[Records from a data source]
*** Begin section ***
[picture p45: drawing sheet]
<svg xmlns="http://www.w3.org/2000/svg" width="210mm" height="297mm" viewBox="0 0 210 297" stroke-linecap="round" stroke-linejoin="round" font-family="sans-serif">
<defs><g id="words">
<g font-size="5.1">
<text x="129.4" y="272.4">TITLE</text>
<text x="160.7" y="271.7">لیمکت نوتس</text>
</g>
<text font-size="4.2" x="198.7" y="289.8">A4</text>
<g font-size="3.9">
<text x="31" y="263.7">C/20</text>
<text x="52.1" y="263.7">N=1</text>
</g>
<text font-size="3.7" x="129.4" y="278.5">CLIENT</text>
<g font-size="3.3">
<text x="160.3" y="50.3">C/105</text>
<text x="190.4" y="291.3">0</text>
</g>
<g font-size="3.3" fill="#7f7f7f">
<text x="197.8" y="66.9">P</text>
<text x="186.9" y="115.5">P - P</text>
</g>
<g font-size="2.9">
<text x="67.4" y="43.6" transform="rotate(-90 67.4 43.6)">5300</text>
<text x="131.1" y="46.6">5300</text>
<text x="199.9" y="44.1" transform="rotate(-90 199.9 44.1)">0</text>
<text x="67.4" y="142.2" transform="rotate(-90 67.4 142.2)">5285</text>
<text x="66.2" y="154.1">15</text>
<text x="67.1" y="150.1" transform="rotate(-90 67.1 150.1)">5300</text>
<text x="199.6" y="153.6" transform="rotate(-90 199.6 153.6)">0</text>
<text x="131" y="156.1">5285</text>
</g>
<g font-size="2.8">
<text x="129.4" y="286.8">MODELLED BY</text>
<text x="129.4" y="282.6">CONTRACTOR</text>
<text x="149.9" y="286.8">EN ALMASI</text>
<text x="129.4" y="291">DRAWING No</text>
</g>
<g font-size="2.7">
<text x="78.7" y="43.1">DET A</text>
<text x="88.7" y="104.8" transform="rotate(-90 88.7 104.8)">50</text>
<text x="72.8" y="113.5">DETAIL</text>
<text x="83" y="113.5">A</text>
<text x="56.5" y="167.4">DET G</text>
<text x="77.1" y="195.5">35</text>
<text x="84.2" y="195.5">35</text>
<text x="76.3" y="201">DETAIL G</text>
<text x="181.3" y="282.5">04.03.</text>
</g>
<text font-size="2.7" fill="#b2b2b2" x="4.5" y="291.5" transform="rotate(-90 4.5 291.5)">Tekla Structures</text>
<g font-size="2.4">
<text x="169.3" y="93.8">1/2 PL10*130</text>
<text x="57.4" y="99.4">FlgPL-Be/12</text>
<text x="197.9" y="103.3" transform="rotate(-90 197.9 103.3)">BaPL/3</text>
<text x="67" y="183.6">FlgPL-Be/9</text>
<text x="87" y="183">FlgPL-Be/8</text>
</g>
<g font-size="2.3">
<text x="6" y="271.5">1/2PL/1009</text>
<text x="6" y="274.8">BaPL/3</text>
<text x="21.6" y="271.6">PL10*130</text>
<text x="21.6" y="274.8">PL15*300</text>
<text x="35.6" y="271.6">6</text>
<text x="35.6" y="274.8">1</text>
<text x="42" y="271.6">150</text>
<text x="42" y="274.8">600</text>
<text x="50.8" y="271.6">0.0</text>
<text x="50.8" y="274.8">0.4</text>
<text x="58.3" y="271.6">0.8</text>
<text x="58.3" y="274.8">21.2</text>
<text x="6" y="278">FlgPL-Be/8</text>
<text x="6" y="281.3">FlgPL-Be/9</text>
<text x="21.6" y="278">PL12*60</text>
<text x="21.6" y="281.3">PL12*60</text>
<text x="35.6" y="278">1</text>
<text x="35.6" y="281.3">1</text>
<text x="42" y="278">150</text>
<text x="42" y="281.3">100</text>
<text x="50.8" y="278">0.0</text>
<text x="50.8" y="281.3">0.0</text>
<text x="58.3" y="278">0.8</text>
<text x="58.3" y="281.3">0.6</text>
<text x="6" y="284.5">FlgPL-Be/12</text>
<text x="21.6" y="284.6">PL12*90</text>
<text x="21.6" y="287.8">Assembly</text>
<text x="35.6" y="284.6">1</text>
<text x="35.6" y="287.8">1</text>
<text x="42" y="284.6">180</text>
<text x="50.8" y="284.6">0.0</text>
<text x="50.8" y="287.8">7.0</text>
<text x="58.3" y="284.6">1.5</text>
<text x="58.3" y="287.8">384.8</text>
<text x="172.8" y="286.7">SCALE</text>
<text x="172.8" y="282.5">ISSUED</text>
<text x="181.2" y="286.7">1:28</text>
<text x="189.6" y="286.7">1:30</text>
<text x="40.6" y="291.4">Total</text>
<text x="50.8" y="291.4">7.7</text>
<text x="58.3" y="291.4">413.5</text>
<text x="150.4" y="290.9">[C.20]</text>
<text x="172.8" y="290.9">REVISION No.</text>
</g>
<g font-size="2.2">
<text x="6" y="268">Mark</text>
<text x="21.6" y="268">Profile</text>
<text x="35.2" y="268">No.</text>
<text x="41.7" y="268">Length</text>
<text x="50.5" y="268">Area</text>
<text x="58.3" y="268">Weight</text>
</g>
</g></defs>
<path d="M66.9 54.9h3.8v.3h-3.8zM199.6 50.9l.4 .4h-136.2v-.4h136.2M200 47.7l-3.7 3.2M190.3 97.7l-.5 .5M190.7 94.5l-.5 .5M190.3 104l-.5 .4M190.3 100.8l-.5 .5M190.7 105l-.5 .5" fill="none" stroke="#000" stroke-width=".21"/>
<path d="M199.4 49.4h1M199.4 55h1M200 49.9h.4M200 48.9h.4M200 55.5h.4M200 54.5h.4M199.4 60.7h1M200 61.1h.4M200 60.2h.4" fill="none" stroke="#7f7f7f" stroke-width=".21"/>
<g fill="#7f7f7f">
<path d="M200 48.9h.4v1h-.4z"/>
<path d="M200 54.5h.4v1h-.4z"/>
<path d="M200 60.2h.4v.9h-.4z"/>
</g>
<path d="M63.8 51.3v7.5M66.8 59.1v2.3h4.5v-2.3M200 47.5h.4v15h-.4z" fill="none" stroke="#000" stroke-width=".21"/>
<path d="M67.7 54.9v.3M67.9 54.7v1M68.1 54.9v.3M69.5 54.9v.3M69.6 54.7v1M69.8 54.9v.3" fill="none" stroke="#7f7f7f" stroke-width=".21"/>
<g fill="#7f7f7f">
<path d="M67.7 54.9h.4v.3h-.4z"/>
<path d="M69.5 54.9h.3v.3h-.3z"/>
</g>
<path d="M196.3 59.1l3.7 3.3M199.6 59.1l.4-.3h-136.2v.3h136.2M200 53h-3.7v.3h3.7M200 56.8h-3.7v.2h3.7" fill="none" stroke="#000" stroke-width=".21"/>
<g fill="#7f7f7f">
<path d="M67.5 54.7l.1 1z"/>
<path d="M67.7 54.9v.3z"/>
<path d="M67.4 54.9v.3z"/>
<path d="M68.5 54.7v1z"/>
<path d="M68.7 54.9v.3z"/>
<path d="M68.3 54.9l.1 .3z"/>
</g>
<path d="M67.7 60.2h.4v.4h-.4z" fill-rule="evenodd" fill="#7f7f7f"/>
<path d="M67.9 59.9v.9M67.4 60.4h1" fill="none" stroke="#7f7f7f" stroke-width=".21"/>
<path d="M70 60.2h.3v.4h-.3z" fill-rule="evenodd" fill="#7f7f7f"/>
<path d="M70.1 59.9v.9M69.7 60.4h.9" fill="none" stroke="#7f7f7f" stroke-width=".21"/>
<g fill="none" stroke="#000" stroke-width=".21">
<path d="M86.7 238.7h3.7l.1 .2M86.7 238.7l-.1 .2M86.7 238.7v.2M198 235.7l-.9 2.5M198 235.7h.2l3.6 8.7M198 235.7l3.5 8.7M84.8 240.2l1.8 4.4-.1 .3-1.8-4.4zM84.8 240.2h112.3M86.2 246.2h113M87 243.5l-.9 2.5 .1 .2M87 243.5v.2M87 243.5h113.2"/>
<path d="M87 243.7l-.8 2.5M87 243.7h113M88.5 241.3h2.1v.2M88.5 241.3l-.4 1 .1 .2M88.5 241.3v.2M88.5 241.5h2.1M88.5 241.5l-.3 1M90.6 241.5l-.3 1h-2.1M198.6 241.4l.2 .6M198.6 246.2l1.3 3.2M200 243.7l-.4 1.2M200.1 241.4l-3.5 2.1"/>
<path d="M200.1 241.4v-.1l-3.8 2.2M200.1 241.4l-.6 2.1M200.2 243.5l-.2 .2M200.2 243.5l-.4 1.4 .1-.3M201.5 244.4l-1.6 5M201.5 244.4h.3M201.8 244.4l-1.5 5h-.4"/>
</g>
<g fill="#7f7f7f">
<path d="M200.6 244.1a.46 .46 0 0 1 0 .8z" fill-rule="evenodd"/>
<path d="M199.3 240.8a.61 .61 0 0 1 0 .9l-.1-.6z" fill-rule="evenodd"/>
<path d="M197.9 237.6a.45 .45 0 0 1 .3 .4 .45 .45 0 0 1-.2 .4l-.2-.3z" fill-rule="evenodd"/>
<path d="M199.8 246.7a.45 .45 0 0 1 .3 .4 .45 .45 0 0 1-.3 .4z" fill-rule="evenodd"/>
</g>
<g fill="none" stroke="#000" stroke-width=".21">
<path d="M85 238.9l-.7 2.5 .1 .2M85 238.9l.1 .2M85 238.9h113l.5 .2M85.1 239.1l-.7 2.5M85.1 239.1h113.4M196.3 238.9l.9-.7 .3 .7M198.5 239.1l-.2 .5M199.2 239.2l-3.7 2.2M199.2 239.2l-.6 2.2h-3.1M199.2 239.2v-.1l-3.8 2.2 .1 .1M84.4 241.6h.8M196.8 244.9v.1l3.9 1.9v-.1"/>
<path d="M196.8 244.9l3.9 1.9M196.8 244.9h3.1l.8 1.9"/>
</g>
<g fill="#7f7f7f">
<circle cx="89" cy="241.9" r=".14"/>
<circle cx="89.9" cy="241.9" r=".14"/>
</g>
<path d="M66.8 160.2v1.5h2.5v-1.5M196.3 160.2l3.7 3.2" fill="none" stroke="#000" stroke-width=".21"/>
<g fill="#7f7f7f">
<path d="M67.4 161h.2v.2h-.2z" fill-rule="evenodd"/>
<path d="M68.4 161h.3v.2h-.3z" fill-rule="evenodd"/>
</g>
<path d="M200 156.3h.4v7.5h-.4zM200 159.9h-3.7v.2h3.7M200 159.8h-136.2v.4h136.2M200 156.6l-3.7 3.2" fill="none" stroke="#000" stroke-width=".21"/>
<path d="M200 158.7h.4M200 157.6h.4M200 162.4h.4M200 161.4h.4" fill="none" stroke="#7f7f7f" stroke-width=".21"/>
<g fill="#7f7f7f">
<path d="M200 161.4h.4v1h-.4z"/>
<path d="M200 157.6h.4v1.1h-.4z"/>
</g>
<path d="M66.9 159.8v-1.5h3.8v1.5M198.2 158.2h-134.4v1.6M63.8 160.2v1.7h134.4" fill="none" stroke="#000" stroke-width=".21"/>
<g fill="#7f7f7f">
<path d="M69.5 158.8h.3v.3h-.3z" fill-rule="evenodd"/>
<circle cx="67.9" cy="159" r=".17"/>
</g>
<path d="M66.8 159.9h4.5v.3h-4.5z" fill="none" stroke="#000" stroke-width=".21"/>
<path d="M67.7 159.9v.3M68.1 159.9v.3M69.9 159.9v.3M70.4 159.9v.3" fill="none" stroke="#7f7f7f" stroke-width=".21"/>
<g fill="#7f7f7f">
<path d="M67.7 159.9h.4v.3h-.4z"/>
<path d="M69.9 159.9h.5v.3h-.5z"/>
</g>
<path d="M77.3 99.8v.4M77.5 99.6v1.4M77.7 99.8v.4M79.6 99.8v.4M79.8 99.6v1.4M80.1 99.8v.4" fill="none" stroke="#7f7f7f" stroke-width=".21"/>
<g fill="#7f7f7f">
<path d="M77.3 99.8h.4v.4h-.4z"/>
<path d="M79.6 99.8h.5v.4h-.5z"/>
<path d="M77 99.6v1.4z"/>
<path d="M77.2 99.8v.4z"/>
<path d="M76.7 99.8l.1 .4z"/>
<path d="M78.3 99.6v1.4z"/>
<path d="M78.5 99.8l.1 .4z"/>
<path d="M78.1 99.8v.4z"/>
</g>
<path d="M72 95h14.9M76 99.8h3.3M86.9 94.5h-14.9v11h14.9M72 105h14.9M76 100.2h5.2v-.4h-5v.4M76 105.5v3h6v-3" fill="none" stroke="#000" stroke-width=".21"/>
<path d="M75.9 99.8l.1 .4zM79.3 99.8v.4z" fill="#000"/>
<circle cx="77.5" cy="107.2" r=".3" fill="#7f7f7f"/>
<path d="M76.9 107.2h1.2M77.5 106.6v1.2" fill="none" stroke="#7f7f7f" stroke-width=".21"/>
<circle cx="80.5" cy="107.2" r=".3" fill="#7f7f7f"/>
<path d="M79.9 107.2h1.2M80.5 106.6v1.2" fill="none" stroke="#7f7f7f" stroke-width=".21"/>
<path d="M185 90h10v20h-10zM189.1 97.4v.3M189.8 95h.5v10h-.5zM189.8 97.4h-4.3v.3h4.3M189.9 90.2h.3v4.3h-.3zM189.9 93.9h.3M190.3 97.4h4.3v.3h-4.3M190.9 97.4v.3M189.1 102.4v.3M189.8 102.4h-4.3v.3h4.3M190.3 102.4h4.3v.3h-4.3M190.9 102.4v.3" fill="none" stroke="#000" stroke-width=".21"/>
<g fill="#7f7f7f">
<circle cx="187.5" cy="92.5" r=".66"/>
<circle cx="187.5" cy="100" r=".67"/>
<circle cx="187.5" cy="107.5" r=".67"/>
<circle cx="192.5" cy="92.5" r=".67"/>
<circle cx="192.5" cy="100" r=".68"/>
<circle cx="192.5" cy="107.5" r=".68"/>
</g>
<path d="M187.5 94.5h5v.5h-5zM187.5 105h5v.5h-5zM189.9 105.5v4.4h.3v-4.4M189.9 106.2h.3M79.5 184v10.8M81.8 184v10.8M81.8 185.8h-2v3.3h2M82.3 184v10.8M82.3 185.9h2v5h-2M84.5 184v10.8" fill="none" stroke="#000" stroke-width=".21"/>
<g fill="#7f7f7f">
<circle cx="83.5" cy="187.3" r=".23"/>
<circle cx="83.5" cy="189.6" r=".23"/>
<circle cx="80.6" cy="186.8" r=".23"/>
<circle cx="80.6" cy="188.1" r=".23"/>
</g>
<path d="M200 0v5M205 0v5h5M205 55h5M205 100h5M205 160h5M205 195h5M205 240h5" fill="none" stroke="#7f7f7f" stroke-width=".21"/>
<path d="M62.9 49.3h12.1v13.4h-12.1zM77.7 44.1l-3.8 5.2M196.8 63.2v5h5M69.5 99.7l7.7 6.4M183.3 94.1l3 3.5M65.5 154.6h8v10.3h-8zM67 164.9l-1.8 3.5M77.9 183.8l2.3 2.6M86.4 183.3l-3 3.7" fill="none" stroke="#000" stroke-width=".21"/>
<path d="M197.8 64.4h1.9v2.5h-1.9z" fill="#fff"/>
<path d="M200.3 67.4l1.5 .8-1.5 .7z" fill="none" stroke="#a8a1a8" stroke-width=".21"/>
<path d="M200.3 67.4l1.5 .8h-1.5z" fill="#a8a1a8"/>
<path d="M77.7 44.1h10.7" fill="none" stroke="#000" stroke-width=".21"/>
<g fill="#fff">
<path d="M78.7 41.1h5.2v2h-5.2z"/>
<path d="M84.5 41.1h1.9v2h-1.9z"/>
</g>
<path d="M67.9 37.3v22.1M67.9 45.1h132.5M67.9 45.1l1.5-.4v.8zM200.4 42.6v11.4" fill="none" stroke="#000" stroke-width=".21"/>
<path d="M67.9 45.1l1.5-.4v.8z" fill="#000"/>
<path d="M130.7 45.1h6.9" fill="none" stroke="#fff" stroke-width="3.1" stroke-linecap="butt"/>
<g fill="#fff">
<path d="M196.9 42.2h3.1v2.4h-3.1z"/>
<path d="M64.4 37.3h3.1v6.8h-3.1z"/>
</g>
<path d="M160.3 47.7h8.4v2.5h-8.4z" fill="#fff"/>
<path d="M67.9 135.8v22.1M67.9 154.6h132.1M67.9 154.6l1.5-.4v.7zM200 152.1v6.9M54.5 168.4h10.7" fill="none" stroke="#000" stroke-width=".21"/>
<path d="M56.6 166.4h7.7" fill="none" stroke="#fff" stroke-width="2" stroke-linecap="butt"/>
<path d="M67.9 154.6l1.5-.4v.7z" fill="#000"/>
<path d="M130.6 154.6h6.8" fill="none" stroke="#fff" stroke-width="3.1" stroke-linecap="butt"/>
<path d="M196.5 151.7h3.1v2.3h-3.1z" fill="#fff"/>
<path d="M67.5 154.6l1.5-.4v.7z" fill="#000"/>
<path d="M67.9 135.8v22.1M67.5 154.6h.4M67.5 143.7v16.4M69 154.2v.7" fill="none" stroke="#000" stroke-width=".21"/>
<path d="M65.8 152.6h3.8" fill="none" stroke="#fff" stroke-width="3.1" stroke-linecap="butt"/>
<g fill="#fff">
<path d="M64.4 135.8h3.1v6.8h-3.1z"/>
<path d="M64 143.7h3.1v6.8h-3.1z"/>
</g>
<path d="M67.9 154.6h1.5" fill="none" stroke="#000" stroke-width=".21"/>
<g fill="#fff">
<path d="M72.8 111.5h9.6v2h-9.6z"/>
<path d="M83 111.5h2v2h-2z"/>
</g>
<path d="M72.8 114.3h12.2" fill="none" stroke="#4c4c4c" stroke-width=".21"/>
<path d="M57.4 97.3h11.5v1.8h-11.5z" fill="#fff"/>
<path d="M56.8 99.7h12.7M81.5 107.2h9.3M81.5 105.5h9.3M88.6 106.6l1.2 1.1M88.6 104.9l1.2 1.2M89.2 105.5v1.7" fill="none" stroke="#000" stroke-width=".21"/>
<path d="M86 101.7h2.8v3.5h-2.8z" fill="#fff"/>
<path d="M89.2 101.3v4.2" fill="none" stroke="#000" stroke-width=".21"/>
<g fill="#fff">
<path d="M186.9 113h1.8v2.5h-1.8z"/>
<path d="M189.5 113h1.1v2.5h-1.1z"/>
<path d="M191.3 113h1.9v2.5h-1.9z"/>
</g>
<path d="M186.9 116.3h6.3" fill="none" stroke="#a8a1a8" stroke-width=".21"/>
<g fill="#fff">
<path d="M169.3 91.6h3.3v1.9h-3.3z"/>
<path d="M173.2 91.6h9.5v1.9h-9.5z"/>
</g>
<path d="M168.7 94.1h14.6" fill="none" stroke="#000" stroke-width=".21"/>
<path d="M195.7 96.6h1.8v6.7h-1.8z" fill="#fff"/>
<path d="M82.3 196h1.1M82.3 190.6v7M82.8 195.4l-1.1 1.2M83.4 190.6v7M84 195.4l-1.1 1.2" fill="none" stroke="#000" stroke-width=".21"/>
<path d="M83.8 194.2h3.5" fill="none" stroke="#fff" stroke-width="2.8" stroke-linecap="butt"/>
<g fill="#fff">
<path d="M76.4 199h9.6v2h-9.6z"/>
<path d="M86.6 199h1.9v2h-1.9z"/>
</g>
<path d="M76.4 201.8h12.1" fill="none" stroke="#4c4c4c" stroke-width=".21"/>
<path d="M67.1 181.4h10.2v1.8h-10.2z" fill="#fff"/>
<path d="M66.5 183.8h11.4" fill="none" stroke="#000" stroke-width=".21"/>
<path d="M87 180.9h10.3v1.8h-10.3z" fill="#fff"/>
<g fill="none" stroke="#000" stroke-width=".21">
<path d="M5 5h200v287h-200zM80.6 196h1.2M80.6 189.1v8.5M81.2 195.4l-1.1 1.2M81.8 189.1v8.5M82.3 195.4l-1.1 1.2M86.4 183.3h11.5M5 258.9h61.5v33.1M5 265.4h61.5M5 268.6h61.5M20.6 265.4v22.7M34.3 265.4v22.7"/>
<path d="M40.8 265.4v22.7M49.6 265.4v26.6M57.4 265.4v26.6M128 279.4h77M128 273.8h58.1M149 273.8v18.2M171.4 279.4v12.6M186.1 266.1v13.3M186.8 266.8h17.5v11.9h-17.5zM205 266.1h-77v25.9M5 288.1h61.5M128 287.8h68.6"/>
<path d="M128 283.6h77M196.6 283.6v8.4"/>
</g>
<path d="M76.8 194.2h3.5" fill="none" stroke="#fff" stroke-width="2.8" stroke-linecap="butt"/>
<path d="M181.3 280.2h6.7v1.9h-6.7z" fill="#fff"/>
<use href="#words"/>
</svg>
*** End section ***
Gather from the records above every line containing the string "evenodd".

* Finished exercise *
<path d="M67.7 60.2h.4v.4h-.4z" fill-rule="evenodd" fill="#7f7f7f"/>
<path d="M70 60.2h.3v.4h-.3z" fill-rule="evenodd" fill="#7f7f7f"/>
<path d="M200.6 244.1a.46 .46 0 0 1 0 .8z" fill-rule="evenodd"/>
<path d="M199.3 240.8a.61 .61 0 0 1 0 .9l-.1-.6z" fill-rule="evenodd"/>
<path d="M197.9 237.6a.45 .45 0 0 1 .3 .4 .45 .45 0 0 1-.2 .4l-.2-.3z" fill-rule="evenodd"/>
<path d="M199.8 246.7a.45 .45 0 0 1 .3 .4 .45 .45 0 0 1-.3 .4z" fill-rule="evenodd"/>
<path d="M67.4 161h.2v.2h-.2z" fill-rule="evenodd"/>
<path d="M68.4 161h.3v.2h-.3z" fill-rule="evenodd"/>
<path d="M69.5 158.8h.3v.3h-.3z" fill-rule="evenodd"/>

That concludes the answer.